- _RAW DATA_

-------------------------

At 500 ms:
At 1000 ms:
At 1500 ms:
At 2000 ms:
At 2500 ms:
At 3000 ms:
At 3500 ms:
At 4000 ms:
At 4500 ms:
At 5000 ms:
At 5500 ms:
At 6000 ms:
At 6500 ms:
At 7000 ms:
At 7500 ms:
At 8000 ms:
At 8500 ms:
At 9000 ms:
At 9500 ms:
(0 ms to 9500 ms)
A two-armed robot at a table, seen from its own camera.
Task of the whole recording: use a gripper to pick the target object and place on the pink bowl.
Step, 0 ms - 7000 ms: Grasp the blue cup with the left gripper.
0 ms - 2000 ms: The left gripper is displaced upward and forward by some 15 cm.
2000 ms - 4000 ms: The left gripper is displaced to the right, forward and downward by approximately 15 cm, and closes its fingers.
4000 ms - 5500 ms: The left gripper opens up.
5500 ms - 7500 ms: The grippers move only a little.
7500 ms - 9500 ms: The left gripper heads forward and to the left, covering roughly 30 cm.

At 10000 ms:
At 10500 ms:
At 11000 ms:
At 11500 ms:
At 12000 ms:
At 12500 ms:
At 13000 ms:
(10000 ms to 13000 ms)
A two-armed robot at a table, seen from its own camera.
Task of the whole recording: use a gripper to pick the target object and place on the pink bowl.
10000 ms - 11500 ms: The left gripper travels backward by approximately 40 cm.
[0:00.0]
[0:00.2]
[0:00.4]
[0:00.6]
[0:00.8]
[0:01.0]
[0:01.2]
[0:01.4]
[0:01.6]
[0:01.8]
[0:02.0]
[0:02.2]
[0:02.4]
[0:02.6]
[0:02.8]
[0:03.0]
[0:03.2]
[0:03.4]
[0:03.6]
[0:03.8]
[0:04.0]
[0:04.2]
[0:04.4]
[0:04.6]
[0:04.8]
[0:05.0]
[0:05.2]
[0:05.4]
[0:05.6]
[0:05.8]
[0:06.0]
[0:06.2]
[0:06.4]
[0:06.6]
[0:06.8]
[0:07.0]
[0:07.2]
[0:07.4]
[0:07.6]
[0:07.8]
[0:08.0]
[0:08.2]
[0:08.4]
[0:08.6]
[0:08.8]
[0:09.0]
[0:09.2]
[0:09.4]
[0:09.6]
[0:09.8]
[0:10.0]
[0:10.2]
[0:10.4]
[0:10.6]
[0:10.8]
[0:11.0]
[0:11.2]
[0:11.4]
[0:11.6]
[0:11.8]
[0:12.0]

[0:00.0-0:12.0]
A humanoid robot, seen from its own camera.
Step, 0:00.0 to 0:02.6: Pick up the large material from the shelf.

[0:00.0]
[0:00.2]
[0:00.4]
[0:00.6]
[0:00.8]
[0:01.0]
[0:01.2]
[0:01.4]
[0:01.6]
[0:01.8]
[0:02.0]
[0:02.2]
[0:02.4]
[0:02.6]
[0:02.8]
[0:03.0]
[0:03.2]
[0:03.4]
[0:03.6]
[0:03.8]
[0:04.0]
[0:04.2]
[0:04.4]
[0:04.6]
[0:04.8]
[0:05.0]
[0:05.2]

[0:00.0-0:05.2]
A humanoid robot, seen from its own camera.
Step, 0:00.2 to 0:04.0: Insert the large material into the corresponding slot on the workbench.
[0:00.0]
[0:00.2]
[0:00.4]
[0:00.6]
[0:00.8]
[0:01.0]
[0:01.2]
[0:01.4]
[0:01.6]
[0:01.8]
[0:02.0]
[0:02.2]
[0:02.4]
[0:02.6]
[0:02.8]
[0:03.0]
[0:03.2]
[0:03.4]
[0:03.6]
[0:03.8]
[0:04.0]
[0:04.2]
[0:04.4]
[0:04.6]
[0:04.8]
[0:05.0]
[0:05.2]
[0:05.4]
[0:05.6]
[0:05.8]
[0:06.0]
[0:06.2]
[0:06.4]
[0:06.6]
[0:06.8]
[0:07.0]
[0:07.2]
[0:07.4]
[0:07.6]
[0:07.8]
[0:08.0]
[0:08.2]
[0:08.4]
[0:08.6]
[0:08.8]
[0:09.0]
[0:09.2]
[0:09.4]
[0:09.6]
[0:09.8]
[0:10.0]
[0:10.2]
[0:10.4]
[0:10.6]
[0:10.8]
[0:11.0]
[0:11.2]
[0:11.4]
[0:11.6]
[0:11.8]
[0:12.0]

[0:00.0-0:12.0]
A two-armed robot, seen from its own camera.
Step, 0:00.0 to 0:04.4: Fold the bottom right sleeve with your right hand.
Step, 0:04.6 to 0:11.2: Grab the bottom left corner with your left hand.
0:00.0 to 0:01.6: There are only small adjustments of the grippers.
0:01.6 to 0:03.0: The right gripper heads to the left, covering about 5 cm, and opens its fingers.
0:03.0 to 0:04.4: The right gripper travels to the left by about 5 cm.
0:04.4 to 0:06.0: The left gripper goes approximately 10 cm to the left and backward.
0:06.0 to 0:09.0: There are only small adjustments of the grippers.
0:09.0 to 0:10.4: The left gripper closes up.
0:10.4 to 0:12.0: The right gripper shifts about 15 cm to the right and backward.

-------------------------

- _TASK DESCRIPTION_
Transcribe all of the data exactly, leaving no line out.

- _ANSWER SECTION_
At 500 ms:
At 1000 ms:
At 1500 ms:
At 2000 ms:
At 2500 ms:
At 3000 ms:
At 3500 ms:
At 4000 ms:
At 4500 ms:
At 5000 ms:
At 5500 ms:
At 6000 ms:
At 6500 ms:
At 7000 ms:
At 7500 ms:
At 8000 ms:
At 8500 ms:
At 9000 ms:
At 9500 ms:
(0 ms to 9500 ms)
A two-armed robot at a table, seen from its own camera.
Task of the whole recording: use a gripper to pick the target object and place on the pink bowl.
Step, 0 ms - 7000 ms: Grasp the blue cup with the left gripper.
0 ms - 2000 ms: The left gripper is displaced upward and forward by some 15 cm.
2000 ms - 4000 ms: The left gripper is displaced to the right, forward and downward by approximately 15 cm, and closes its fingers.
4000 ms - 5500 ms: The left gripper opens up.
5500 ms - 7500 ms: The grippers move only a little.
7500 ms - 9500 ms: The left gripper heads forward and to the left, covering roughly 30 cm.

At 10000 ms:
At 10500 ms:
At 11000 ms:
At 11500 ms:
At 12000 ms:
At 12500 ms:
At 13000 ms:
(10000 ms to 13000 ms)
A two-armed robot at a table, seen from its own camera.
Task of the whole recording: use a gripper to pick the target object and place on the pink bowl.
10000 ms - 11500 ms: The left gripper travels backward by approximately 40 cm.
[0:00.0]
[0:00.2]
[0:00.4]
[0:00.6]
[0:00.8]
[0:01.0]
[0:01.2]
[0:01.4]
[0:01.6]
[0:01.8]
[0:02.0]
[0:02.2]
[0:02.4]
[0:02.6]
[0:02.8]
[0:03.0]
[0:03.2]
[0:03.4]
[0:03.6]
[0:03.8]
[0:04.0]
[0:04.2]
[0:04.4]
[0:04.6]
[0:04.8]
[0:05.0]
[0:05.2]
[0:05.4]
[0:05.6]
[0:05.8]
[0:06.0]
[0:06.2]
[0:06.4]
[0:06.6]
[0:06.8]
[0:07.0]
[0:07.2]
[0:07.4]
[0:07.6]
[0:07.8]
[0:08.0]
[0:08.2]
[0:08.4]
[0:08.6]
[0:08.8]
[0:09.0]
[0:09.2]
[0:09.4]
[0:09.6]
[0:09.8]
[0:10.0]
[0:10.2]
[0:10.4]
[0:10.6]
[0:10.8]
[0:11.0]
[0:11.2]
[0:11.4]
[0:11.6]
[0:11.8]
[0:12.0]

[0:00.0-0:12.0]
A humanoid robot, seen from its own camera.
Step, 0:00.0 to 0:02.6: Pick up the large material from the shelf.

[0:00.0]
[0:00.2]
[0:00.4]
[0:00.6]
[0:00.8]
[0:01.0]
[0:01.2]
[0:01.4]
[0:01.6]
[0:01.8]
[0:02.0]
[0:02.2]
[0:02.4]
[0:02.6]
[0:02.8]
[0:03.0]
[0:03.2]
[0:03.4]
[0:03.6]
[0:03.8]
[0:04.0]
[0:04.2]
[0:04.4]
[0:04.6]
[0:04.8]
[0:05.0]
[0:05.2]

[0:00.0-0:05.2]
A humanoid robot, seen from its own camera.
Step, 0:00.2 to 0:04.0: Insert the large material into the corresponding slot on the workbench.
[0:00.0]
[0:00.2]
[0:00.4]
[0:00.6]
[0:00.8]
[0:01.0]
[0:01.2]
[0:01.4]
[0:01.6]
[0:01.8]
[0:02.0]
[0:02.2]
[0:02.4]
[0:02.6]
[0:02.8]
[0:03.0]
[0:03.2]
[0:03.4]
[0:03.6]
[0:03.8]
[0:04.0]
[0:04.2]
[0:04.4]
[0:04.6]
[0:04.8]
[0:05.0]
[0:05.2]
[0:05.4]
[0:05.6]
[0:05.8]
[0:06.0]
[0:06.2]
[0:06.4]
[0:06.6]
[0:06.8]
[0:07.0]
[0:07.2]
[0:07.4]
[0:07.6]
[0:07.8]
[0:08.0]
[0:08.2]
[0:08.4]
[0:08.6]
[0:08.8]
[0:09.0]
[0:09.2]
[0:09.4]
[0:09.6]
[0:09.8]
[0:10.0]
[0:10.2]
[0:10.4]
[0:10.6]
[0:10.8]
[0:11.0]
[0:11.2]
[0:11.4]
[0:11.6]
[0:11.8]
[0:12.0]

[0:00.0-0:12.0]
A two-armed robot, seen from its own camera.
Step, 0:00.0 to 0:04.4: Fold the bottom right sleeve with your right hand.
Step, 0:04.6 to 0:11.2: Grab the bottom left corner with your left hand.
0:00.0 to 0:01.6: There are only small adjustments of the grippers.
0:01.6 to 0:03.0: The right gripper heads to the left, covering about 5 cm, and opens its fingers.
0:03.0 to 0:04.4: The right gripper travels to the left by about 5 cm.
0:04.4 to 0:06.0: The left gripper goes approximately 10 cm to the left and backward.
0:06.0 to 0:09.0: There are only small adjustments of the grippers.
0:09.0 to 0:10.4: The left gripper closes up.
0:10.4 to 0:12.0: The right gripper shifts about 15 cm to the right and backward.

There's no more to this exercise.